I think that's probably right, it does not have to be icy water. I measured the cold tap water temperature in the bathroom, and it is 20ºC (68ºF) at the moment (UK summertime). And using that 20ºC water, it felt quite cold and tingly enough for me on my skin!

Though I read that in the UK winter, the water temperature can go down to a little as 4ºC, so if you were doing this cold therapy in the winter, you'd probably want to add a touch hot water to the shower mix to bring it up to around 20ºC.

I have to say that I do feel in a slightly better mood than normal after doing that 2 minute cold therapy a few hours ago.
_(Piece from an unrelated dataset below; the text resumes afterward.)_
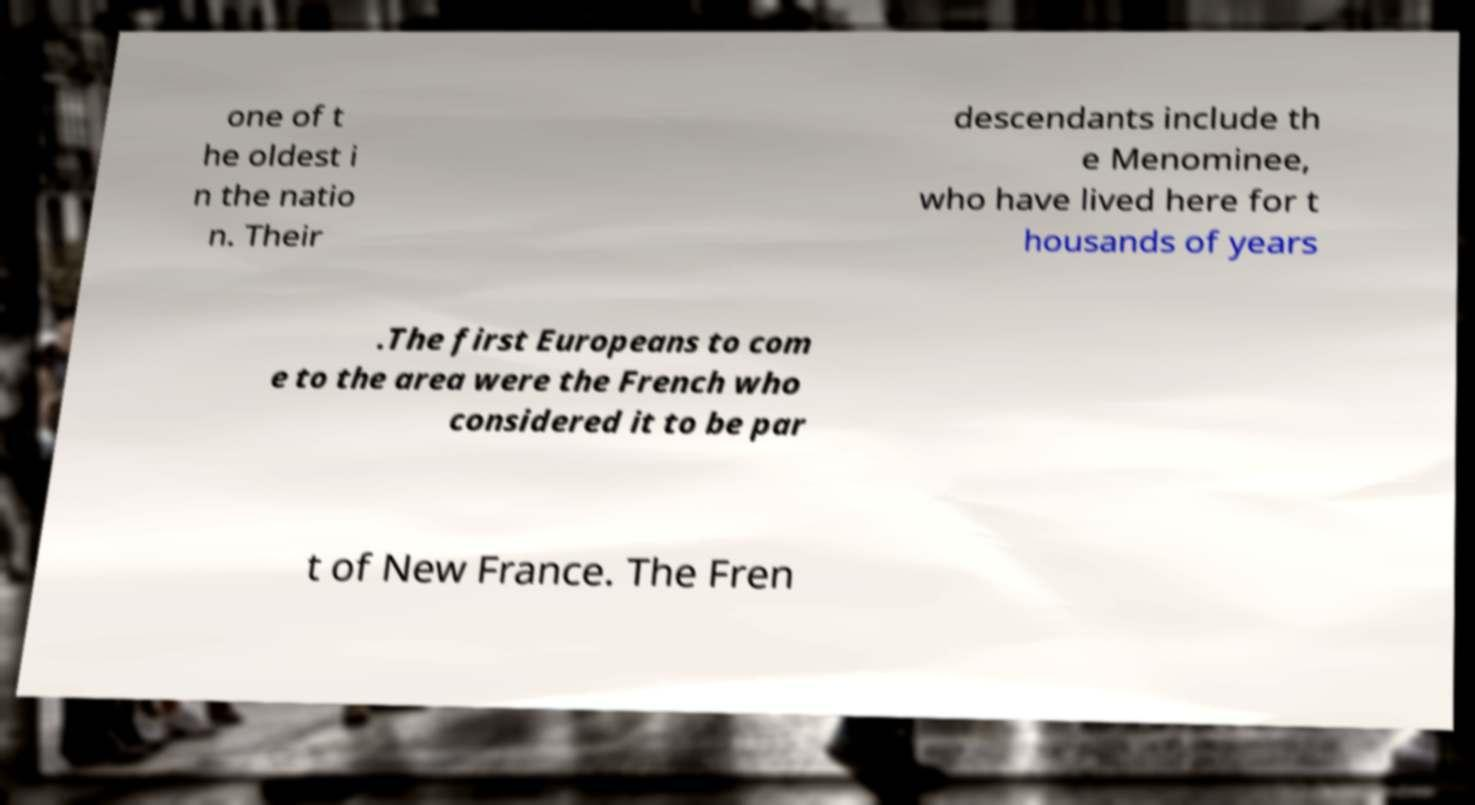There's text embedded in this image that I need extracted. Can you transcribe it verbatim? one of t he oldest i n the natio n. Their descendants include th e Menominee, who have lived here for t housands of years .The first Europeans to com e to the area were the French who considered it to be par t of New France. The Fren

My body and mind somehow feel a little more healthy and athletic, even though I have not done any exercise.
 
Messages
1,446
So, how many people have been cured of ME by cold water? Either baths, showers or diving into the Atlantic ocean?
 

Jenny

Senior Member
Messages
1,388
Location
Dorset
So, how many people have been cured of ME by cold water? Either baths, showers or diving into the Atlantic ocean?

This treatment for ME was popular in the 80s. I had cold water baths for 3 months, reducing the temperature of the water each day. It had no effect on my symptoms at all, good or bad.
 

Hip

Senior Member
Messages
17,824
So, how many people have been cured of ME by cold water? Either baths, showers or diving into the Atlantic ocean?

If it does occur, I imagine it would be a very rare occurrence for cold therapy to actually cure ME/CFS. Cold therapy is regularly practiced in countries like in Nordic countries and Russia, so if cold therapy was regularly curing ME/CFS, I am sure we would have heard many anecdotical accounts about it. In the absence of such anecdotical accounts, I think we can safely assume that cold therapy is very unlikely likely to lead to a cure, and unlikely to lead to major improvements for most people with ME/CFS.

Though it's quite conceivable that cold therapy might lead to some useful mild benefits for some ME/CFS patients. Given the simplicity of applying 20ºC cold water to the skin for 2 minutes using a shower head, it is something that might be easily tried.